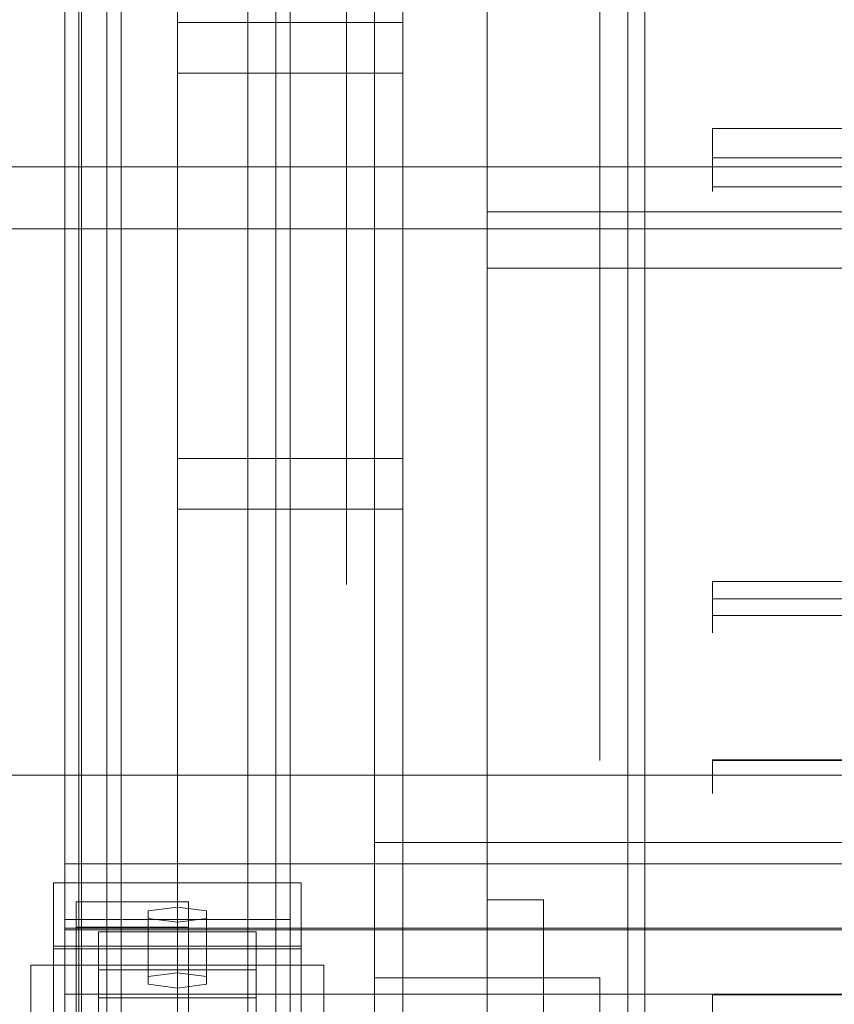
# Model space of a CAD drawing. Header units: millimetres. Extents: x -1970 to 61924, y -58230 to 6847.
# Tile 16 of 256: x -1508 to -1363, y -34641 to -34466. Entities that reach past the tile are written whole.
import ezdxf

# ---------------------------------------------------------------- set-up
doc = ezdxf.new("R2010")
doc.units = ezdxf.units.MM
for name, color, linetype, lineweight in [('COTAS_O', 1, 'Continuous', 0), ('COTAS_P', 1, 'Continuous', 0), ('frontal_briquetadora', 7, 'Continuous', 0), ('frontal_C03', 7, 'Continuous', 0), ('frontal_secador', 7, 'Continuous', 0), ('frontal_tolva', 7, 'Continuous', 0)]:
    doc.layers.add(name, color=color, linetype=linetype, lineweight=lineweight)
doc.dimstyles.new('R19_100', dxfattribs={"dimtxt": 250, "dimasz": 150, "dimexe": 150, "dimexo": 80, "dimgap": 100, "dimtad": 1, "dimtih": 1, "dimtoh": 1, "dimdsep": 46, "dimcen": 0.09, "dimadec": 0, "dimazin": 0, "dimtfac": 1, "dimtdec": 4, "dimtofl": 0, "dimtmove": 0, "dimatfit": 3, "dimfxl": 1, "dimtolj": 1, "dimtzin": 0, "dimarcsym": 0})

# ---------------------------------------------------------------- blocks, each defined once
blk = doc.blocks.new('DIM_R26_43')
at = {"layer": 'COTAS_P'}
for p, q in [((-1750, -34600), (-1600, -34555)), ((2600, -34600), (2450, -34555)), ((-1750, -35500), (-1750, -34600)), ((-1750, -34600), (2600, -34600)), ((-1750, -34600), (-1600, -34645)), ((2600, -34600), (2450, -34645)), ((2600, -35500), (2600, -34600))]:
    blk.add_line(p, q, dxfattribs=at)
blk.add_text('4350 P', height=250, dxfattribs=at).set_placement((425, -34500))
blk = doc.blocks.new('DIM_R26_50')
at = {"layer": 'COTAS_O'}
for p, q in [((-1480, -33670), (-780, -33670)), ((-780, -33670), (-825, -33820)), ((-780, -36000), (-780, -33670)), ((-780, -33670), (-735, -33820)), ((-780, -36000), (-825, -35850)), ((-780, -36000), (-735, -35850)), ((-1480, -36000), (-780, -36000))]:
    blk.add_line(p, q, dxfattribs=at)
blk.add_text('2330 O', height=250, rotation=90, dxfattribs=at).set_placement((-880, -34835))
blk = doc.blocks.new('DIM_R26_52')
at = {"layer": 'COTAS_O'}
for p, q in [((-1400, -33000), (-700, -33000)), ((-700, -33000), (-745, -33150)), ((-700, -36000), (-700, -33000)), ((-700, -33000), (-655, -33150)), ((-700, -36000), (-745, -35850)), ((-700, -36000), (-655, -35850)), ((-1400, -36000), (-700, -36000))]:
    blk.add_line(p, q, dxfattribs=at)
blk.add_text('3000 O', height=250, rotation=90, dxfattribs=at).set_placement((-800, -34500))

msp = doc.modelspace()

# ---------------------------------------------------------------- linework, layer by layer
at = {"layer": 'frontal_briquetadora'}
for p, q in [((-1425, -34345), (-1425, -34510)), ((-1425, -34500), (-1425, -34345)), ((-1445, -34685), (-1445, -34350)), ((-1425, -34350), (-1425, -34685)), ((-1445, -34685), (-1445, -34420.934)), ((-1425, -34622.143), (-1425, -34420.934)), ((-1445, -34436.107), (-1445, -34685)), ((-1425, -34436.107), (-1425, -34662.857)), ((-1450, -34460.24), (-1450, -34477.746)), ((-1405, -34460.24), (-1405, -34477.746)), ((-1405, -34460.706), (-1405, -34478.788)), ((-1450, -34477.746), (-1450, -34494.147)), ((-1405, -34477.746), (-1405, -34494.147)), ((-1405, -34478.788), (-1405, -34496.056)), ((-1385, -34485.162), (-875, -34485.162)), ((-1385, -34486.667), (-1385, -34485.162)), ((-1385, -34485.162), (-1385, -34485.664)), ((-1385, -34486.971), (-1385, -34485.162)), ((-1385, -34485.664), (-1385, -34486.275)), ((-1385, -34486.275), (-1385, -34486.98)), ((-1385, -34488.165), (-1385, -34486.667)), ((-1385, -34489.47), (-1385, -34486.971)), ((-1385, -34486.98), (-1385, -34487.764)), ((-1385, -34487.764), (-1385, -34488.609)), ((-1385, -34489.657), (-1385, -34488.165)), ((-1385, -34488.609), (-1385, -34489.494)), ((-1385, -34492.157), (-1385, -34489.47)), ((-1385, -34489.494), (-1385, -34490.4)), ((-1385, -34491.141), (-1385, -34489.657)), ((-875, -34490.4), (-1385, -34490.4)), ((-1385, -34490.4), (-1385, -34492.18)), ((-1385, -34492.619), (-1385, -34491.141)), ((-1385, -34494.49), (-1385, -34492.157)), ((-1385, -34492.18), (-1385, -34493.8)), ((-1385, -34494.09), (-1385, -34492.619)), ((-1450, -34494.147), (-1450, -34509.249)), ((-1405, -34494.147), (-1405, -34509.249)), ((-1385, -34493.8), (-1385, -34495.113)), ((-1385, -34495.554), (-1385, -34494.09)), ((-1385, -34495.998), (-1385, -34494.49)), ((-1405, -34496.056), (-1405, -34512.364)), ((-1385, -34495.113), (-1385, -34496.003)), ((-1385, -34496.233), (-1385, -34495.554)), ((-1385, -34495.554), (-875, -34495.554)), ((-1385, -34495.554), (-1385, -34496.378)), ((-1385, -34496.378), (-1385, -34495.998)), ((-1385, -34496.003), (-1385, -34496.387)), ((-1385, -34496.387), (-1385, -34496.233)), ((-1425, -34622.143), (-1425, -34500)), ((-620, -34500), (-1425, -34500)), ((-1450, -34509.249), (-1450, -34522.876)), ((-1425, -34510), (-1425, -34690)), ((-620, -34510), (-1425, -34510)), ((-1405, -34509.249), (-1405, -34522.876)), ((-1405, -34512.364), (-1405, -34527.571)), ((-1450, -34522.876), (-1450, -34534.867)), ((-1405, -34522.876), (-1405, -34534.867)), ((-1405, -34527.571), (-1405, -34541.548)), ((-1450, -34534.867), (-1450, -34545.083)), ((-1405, -34534.867), (-1405, -34545.083)), ((-1405, -34541.548), (-1405, -34554.176)), ((-1450, -34545.083), (-1450, -34553.403)), ((-1405, -34545.083), (-1405, -34553.403)), ((-1450, -34553.403), (-1450, -34559.73)), ((-1405, -34553.403), (-1405, -34559.73)), ((-1405, -34554.176), (-1405, -34565.346)), ((-1450, -34559.73), (-1450, -34563.989)), ((-1405, -34559.73), (-1405, -34563.989)), ((-1450, -34563.989), (-1450, -34566.132)), ((-1405, -34563.989), (-1405, -34566.132)), ((-1405, -34565.346), (-1405, -34574.965)), ((-1385, -34565.657), (-875, -34565.657)), ((-1385, -34566.549), (-1385, -34565.657)), ((-1385, -34565.657), (-1385, -34566.061)), ((-1385, -34568.221), (-1385, -34565.657)), ((-1385, -34566.061), (-1385, -34566.482)), ((-1385, -34566.482), (-1385, -34566.915)), ((-1385, -34567.43), (-1385, -34566.549)), ((-1385, -34566.915), (-1385, -34567.359)), ((-1385, -34567.359), (-1385, -34567.811)), ((-1385, -34568.299), (-1385, -34567.43)), ((-1385, -34567.811), (-1385, -34568.269)), ((-1385, -34570.888), (-1385, -34568.221)), ((-1385, -34568.269), (-1385, -34568.729)), ((-1385, -34569.157), (-1385, -34568.299)), ((-875, -34568.729), (-1385, -34568.729)), ((-1385, -34568.729), (-1385, -34570.933)), ((-1385, -34570.002), (-1385, -34569.157)), ((-1385, -34570.835), (-1385, -34570.002)), ((-1385, -34571.656), (-1385, -34570.835)), ((-1385, -34573.12), (-1385, -34570.888)), ((-1385, -34570.933), (-1385, -34572.828)), ((-1385, -34573.375), (-1385, -34571.656)), ((-1385, -34571.656), (-875, -34571.656)), ((-1385, -34571.656), (-1385, -34573.653)), ((-1385, -34572.828), (-1385, -34574.151)), ((-1385, -34574.466), (-1385, -34573.12)), ((-1385, -34574.445), (-1385, -34573.375)), ((-1405, -34574.965), (-1405, -34582.949)), ((-1385, -34573.653), (-1385, -34574.657)), ((-1385, -34574.151), (-1385, -34574.716)), ((-1385, -34574.716), (-1385, -34574.445)), ((-1385, -34574.657), (-1385, -34574.466)), ((-1405, -34582.949), (-1405, -34589.231)), ((-1405, -34589.231), (-1405, -34593.756)), ((-1405, -34593.756), (-1405, -34596.487)), ((-1405, -34596.487), (-1405, -34597.4)), ((-1385, -34597.328), (-1385, -34597.316)), ((-1385, -34597.316), (-875, -34597.316)), ((-1385, -34597.316), (-1385, -34597.357)), ((-1385, -34597.34), (-1385, -34597.328)), ((-1385, -34597.352), (-1385, -34597.34)), ((-1385, -34597.364), (-1385, -34597.352)), ((-1385, -34597.376), (-1385, -34597.364)), ((-1385, -34597.388), (-1385, -34597.376)), ((-1385, -34597.385), (-1385, -34597.398)), ((-1385, -34597.4), (-1385, -34597.388)), ((-875, -34597.4), (-1385, -34597.4)), ((-1385, -34597.4), (-1385, -34600.003)), ((-1385, -34600.003), (-1385, -34602.091)), ((-1385, -34602.091), (-1385, -34603.25)), ((-655, -34612), (-1445, -34612)), ((-1445, -34612), (-1445, -34735)), ((-1445, -34612), (-1445, -34636)), ((-1425, -34622.143), (-1415, -34622.143)), ((-1415, -34685), (-1415, -34622.143)), ((-1415, -34662.857), (-1415, -34622.143)), ((-1445, -34636), (-1405, -34636)), ((-1445, -34636), (-1445, -34735)), ((-1405, -34636), (-1405, -34648)), ((-1385, -34639), (-1320, -34639)), ((-1385, -34690), (-1385, -34639)), ((-1385, -34639), (-1385, -34704))]:
    msp.add_line(p, q, dxfattribs=at)
at = {"layer": 'frontal_C03'}
for p, q in [((-1500, -34875.113), (-1500, -32314.944)), ((-1500, -32318.841), (-1500, -34879.011)), ((-1497, -35975), (-1497, -32996.942)), ((-1490, -35975), (-1490, -32996.942)), ((-1497, -35975), (-1497, -33266.434)), ((-1490, -35975), (-1490, -33266.434)), ((-1497, -35975), (-1497, -33805.417)), ((-1490, -35975), (-1490, -33805.417)), ((-1480, -34543.799), (-1480, -34196.893)), ((-1440, -34196.893), (-1440, -34543.799)), ((-1480, -34205.876), (-1480, -34552.782)), ((-1440, -34552.782), (-1440, -34205.876)), ((-1500, -34625.634), (-1500, -34356.142)), ((-1460, -34356.142), (-1460, -34625.634)), ((-1492.5, -34957.413), (-1492.5, -34362.453)), ((-1467.5, -34362.453), (-1467.5, -34957.413)), ((-1497.5, -34697.731), (-1497.5, -34372.263)), ((-1462.5, -34372.263), (-1462.5, -34697.731)), ((-1497.5, -34704.469), (-1497.5, -34379)), ((-1462.5, -34704.469), (-1462.5, -34379)), ((-1492.5, -34983.77), (-1492.5, -34388.81)), ((-1467.5, -34983.77), (-1467.5, -34388.81)), ((-1500, -34664.612), (-1500, -34395.121)), ((-1460, -34664.612), (-1460, -34395.121)), ((-1500, -34676.738), (-1500, -34407.247)), ((-1460, -34407.247), (-1460, -34676.738)), ((-1497, -35975), (-1497, -34411.773)), ((-1490, -35975), (-1490, -34411.773)), ((-1500, -34725.461), (-1500, -34455.97)), ((-1460, -34725.461), (-1460, -34455.97)), ((-1480, -34475.367), (-1480, -34466.384)), ((-1480, -34466.384), (-1440, -34466.384)), ((-1480, -34813.291), (-1480, -34466.384)), ((-1440, -34466.384), (-1440, -34475.367)), ((-1440, -34466.384), (-1440, -34813.291)), ((-1440, -34475.367), (-1480, -34475.367)), ((-1480, -34475.367), (-1480, -34822.274)), ((-1440, -34822.274), (-1440, -34475.367)), ((-1440, -34543.799), (-1480, -34543.799)), ((-1480, -34543.799), (-1480, -34552.782)), ((-1440, -34552.782), (-1440, -34543.799)), ((-1480, -34552.782), (-1440, -34552.782)), ((-1500, -34627.188), (-1500, -34615.78)), ((-1500, -34615.78), (1500, -34615.78)), ((-1500, -34627.473), (-1500, -34615.78)), ((-1502, -34630.396), (-1502, -34619.168)), ((-1502, -34619.168), (-1458, -34619.168)), ((-1502, -34630.861), (-1502, -34619.168)), ((-1458, -34619.168), (-1458, -34630.396)), ((-1458, -34619.168), (-1458, -34630.861)), ((-1498, -34627.028), (-1498, -34622.536)), ((-1498, -34622.536), (-1478, -34622.536)), ((-1498, -34683.342), (-1498, -34622.536)), ((-1478, -34622.536), (-1478, -34627.028)), ((-1478, -34622.536), (-1478, -34683.342)), ((-1480, -34623.435), (-1485.196, -34624.108)), ((-1485.196, -34624.108), (-1485.196, -34625.456)), ((-1485.196, -34635.802), (-1485.196, -34624.108)), ((-1474.804, -34624.108), (-1480, -34623.435)), ((-1480, -34635.128), (-1480, -34623.435)), ((-1474.804, -34625.456), (-1474.804, -34624.108)), ((-1474.804, -34635.802), (-1474.804, -34624.108)), ((-1460, -34625.634), (-1500, -34625.634)), ((-1500, -34625.634), (-1500, -34664.612)), ((-1500, -34895.125), (-1500, -34625.634)), ((-1485.196, -34625.456), (-1480, -34626.129)), ((-1485.196, -34637.149), (-1485.196, -34625.456)), ((-1480, -34626.129), (-1474.804, -34625.456)), ((-1474.804, -34637.149), (-1474.804, -34625.456)), ((-1460, -34664.612), (-1460, -34625.634)), ((-1460, -34625.634), (-1460, -34895.125)), ((1500, -34627.188), (-1500, -34627.188)), ((-1500, -34627.188), (-1500, -34638.882)), ((1500, -34627.473), (-1500, -34627.473)), ((-1500, -34627.473), (-1500, -34638.882)), ((-1478, -34627.028), (-1498, -34627.028)), ((-1498, -34627.028), (-1498, -34687.834)), ((-1480, -34626.129), (-1480, -34637.823)), ((-1478, -34687.834), (-1478, -34627.028)), ((-1494, -34634.597), (-1494, -34627.86)), ((-1494, -34627.86), (-1466, -34627.86)), ((-1494, -34639.554), (-1494, -34627.86)), ((-1466, -34627.86), (-1466, -34634.597)), ((-1466, -34627.86), (-1466, -34639.554)), ((-1458, -34630.396), (-1502, -34630.396)), ((-1502, -34630.396), (-1502, -34642.09)), ((-1458, -34630.861), (-1502, -34630.861)), ((-1502, -34630.861), (-1502, -34642.09)), ((-1458, -34642.09), (-1458, -34630.396)), ((-1458, -34642.09), (-1458, -34630.861)), ((-1506, -34648.16), (-1506, -34633.787)), ((-1506, -34633.787), (-1454, -34633.787)), ((-1506, -34641.583), (-1506, -34633.787)), ((-1466, -34634.597), (-1494, -34634.597)), ((-1494, -34634.597), (-1494, -34646.291)), ((-1466, -34646.291), (-1466, -34634.597)), ((-1454, -34633.787), (-1454, -34648.16)), ((-1454, -34633.787), (-1454, -34641.583)), ((-1485.196, -34635.802), (-1480, -34635.128)), ((-1485.196, -34637.149), (-1485.196, -34635.802)), ((-1480, -34635.128), (-1474.804, -34635.802)), ((-1474.804, -34635.802), (-1474.804, -34637.149)), ((-1480, -34637.823), (-1485.196, -34637.149)), ((-1474.804, -34637.149), (-1480, -34637.823)), ((-1500, -34638.882), (1500, -34638.882)), ((-1466, -34639.554), (-1494, -34639.554)), ((-1494, -34639.554), (-1494, -34646.291)), ((-1466, -34646.291), (-1466, -34639.554))]:
    msp.add_line(p, q, dxfattribs=at)
at = {"layer": 'frontal_secador'}
for p, q in [((-1400, -36000), (-1400, -33000)), ((-1400, -36000), (-1400, -33075)), ((-1400, -35590), (-1400, -33075)), ((-1400, -35940), (-1400, -33075)), ((-1400, -34650), (-1400, -33075)), ((-1397, -35940), (-1397, -33075)), ((-1400, -36000), (-1400, -33250))]:
    msp.add_line(p, q, dxfattribs=at)
at = {"layer": 'frontal_tolva'}
for p, q in [((-1821.5, -34492), (1821.5, -34492)), ((-1821.5, -34503), (1821.5, -34503))]:
    msp.add_line(p, q, dxfattribs=at)

# ---------------------------------------------------------------- dimensions: what is measured, and where the dimension line sits
at = {"layer": 'COTAS_O'}
for p1, p2, picture, middle in [((-1400, -36000), (-1400, -33000), 'DIM_R26_52', (-700, -34500)), ((-1480, -36000), (-1480, -33670), 'DIM_R26_50', (-780, -34835))]:
    dim = msp.add_aligned_dim(p1=p1, p2=p2, distance=-700, text='<> O', dimstyle='R19_100', dxfattribs=at)
    dim.commit()
    dim.dimension.update_dxf_attribs({"geometry": picture, "text_midpoint": middle})
at = {"layer": 'COTAS_P'}
dim = msp.add_aligned_dim(p1=(-1750, -35500), p2=(2600, -35500), distance=900, text='<> P', dimstyle='R19_100', dxfattribs=at)
dim.commit()
dim.dimension.update_dxf_attribs({"geometry": 'DIM_R26_43', "text_midpoint": (425, -34600)})

doc.saveas('drawing.dxf')

::::

Output the lines, exactly: the first line of the entries above, every line after it, and the line with "doc.units = ezdxf.units.MM" as the last. No pictures.

# Model space of a CAD drawing. Header units: millimetres. Extents: x -1970 to 61924, y -58230 to 6847.
# Tile 16 of 256: x -1508 to -1363, y -34641 to -34466. Entities that reach past the tile are written whole.
import ezdxf

# ---------------------------------------------------------------- set-up
doc = ezdxf.new("R2010")
doc.units = ezdxf.units.MM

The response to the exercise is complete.